Beginning in 1995, HIV-1 seropositive Zambians were recruited and followed by the Rwanda/Zambia HIV-1 Research Group in Lusaka, Zambia. Procedures for quarterly medical examination, voluntary counseling and testing, and viral sequencing have been described elsewhere [31], [65], [76], [77], [78]. Measurements of plasma HIV-1 VL (RNA copies) were made in most cases with the Roche Amplicor 1.0 assay (Roche Diagnostics Systems Inc., Branchburg, NJ), which had a lower limit of detection (LLD) of 400 RNA copies per ml of plasma. HLA genotyping relied on a combination of PCR-based methods, including PCR with sequence-specific primers (SSP) (Dynal/Invitrogen, Brown Deer, WI), automated sequence-specific oligonucleotide (SSO) probe hybridization (Innogenetics, Alpharetta, GA), and sequencing-based typing (SBT) (Abbott Molecular, Inc., Des Plaines, IL) using capillary electrophoresis and the ABI 3130xl DNA Analyzer (Applied Biosystems, Foster City, CA) [30], [79]. HLA alleles were resolved to the first four digits, which correspond to distinct protein products designated by the World Health Organization Nomenclature Committee for Factors of the HLA System [80], [81].

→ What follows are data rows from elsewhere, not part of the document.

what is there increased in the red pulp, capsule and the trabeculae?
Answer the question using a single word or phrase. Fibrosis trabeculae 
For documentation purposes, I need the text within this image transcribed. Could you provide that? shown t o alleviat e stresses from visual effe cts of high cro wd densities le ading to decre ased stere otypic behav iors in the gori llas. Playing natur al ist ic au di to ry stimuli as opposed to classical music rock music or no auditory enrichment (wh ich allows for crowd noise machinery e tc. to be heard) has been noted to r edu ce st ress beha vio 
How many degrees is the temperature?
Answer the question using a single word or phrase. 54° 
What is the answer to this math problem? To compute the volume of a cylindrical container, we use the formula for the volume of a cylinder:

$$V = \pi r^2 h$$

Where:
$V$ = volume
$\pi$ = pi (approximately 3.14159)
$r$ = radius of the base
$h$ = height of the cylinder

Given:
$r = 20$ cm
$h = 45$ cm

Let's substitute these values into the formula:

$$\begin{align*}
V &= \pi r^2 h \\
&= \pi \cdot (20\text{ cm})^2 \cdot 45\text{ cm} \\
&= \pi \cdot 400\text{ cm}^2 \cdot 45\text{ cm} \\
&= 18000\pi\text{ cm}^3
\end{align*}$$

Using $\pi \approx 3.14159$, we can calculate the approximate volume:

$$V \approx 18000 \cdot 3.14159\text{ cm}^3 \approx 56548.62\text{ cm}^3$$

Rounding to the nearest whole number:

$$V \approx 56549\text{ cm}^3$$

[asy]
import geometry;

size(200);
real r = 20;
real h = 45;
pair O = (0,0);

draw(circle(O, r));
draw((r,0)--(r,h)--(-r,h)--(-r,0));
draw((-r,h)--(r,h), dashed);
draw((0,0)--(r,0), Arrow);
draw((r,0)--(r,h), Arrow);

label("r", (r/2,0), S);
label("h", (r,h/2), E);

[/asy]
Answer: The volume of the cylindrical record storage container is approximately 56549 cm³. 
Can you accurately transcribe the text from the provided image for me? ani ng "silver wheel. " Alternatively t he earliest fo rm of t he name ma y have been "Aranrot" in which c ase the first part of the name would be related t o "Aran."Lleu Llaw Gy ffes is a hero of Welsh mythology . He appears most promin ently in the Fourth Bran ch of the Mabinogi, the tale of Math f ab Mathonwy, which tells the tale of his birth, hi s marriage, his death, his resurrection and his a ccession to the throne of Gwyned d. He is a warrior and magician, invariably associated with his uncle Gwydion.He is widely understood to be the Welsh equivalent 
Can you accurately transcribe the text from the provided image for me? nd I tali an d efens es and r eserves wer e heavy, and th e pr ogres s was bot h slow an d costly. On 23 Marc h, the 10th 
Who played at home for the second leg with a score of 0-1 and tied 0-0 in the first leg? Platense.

Computational Assignment of Local and Extended HLA Haplotypes

Using the expectation-maximization (EM) algorithm in SAS Genetics (SAS Institute, Cary, NC), common HLA class I B-C haplotypes were assigned for HLA-B and HLA-C alleles because of their known, strong linkage disequilibrium (LD) in the study population [30]. DRB1-DQB1 haplotypes were assigned for HLA-DRB1 and HLA-DQB1 alleles in the same way and for the same reason [32]. Assignments of these 2-locus (local) haplotypes helped to distinguish allelic from haplotypic effects. Assignments of extended haplotypes were assessed by relative LD (D') and correlation coefficients (r). In a given individual, simultaneous assignments of two haplotypes with a statistical probability ≥70% by the EM algorithm were considered reliable. Individuals with unreliable haplotype assignments (probabilities <70%) were excluded from formal testing of haplotypic associations.

Descriptive Statistics

The overall characteristics of HIV-1 seroprevalent Zambians (SPs) and seroconverters (SCs) with complete HLA genotyping were summarized in . Differences between the two patient groups were assessed using Mann-Whitney U test (fro duration of infection or follow-up), Student's t-test (for age and log10 viral load), and χ2 test (for sex ratio, age group, and three categories of viral load).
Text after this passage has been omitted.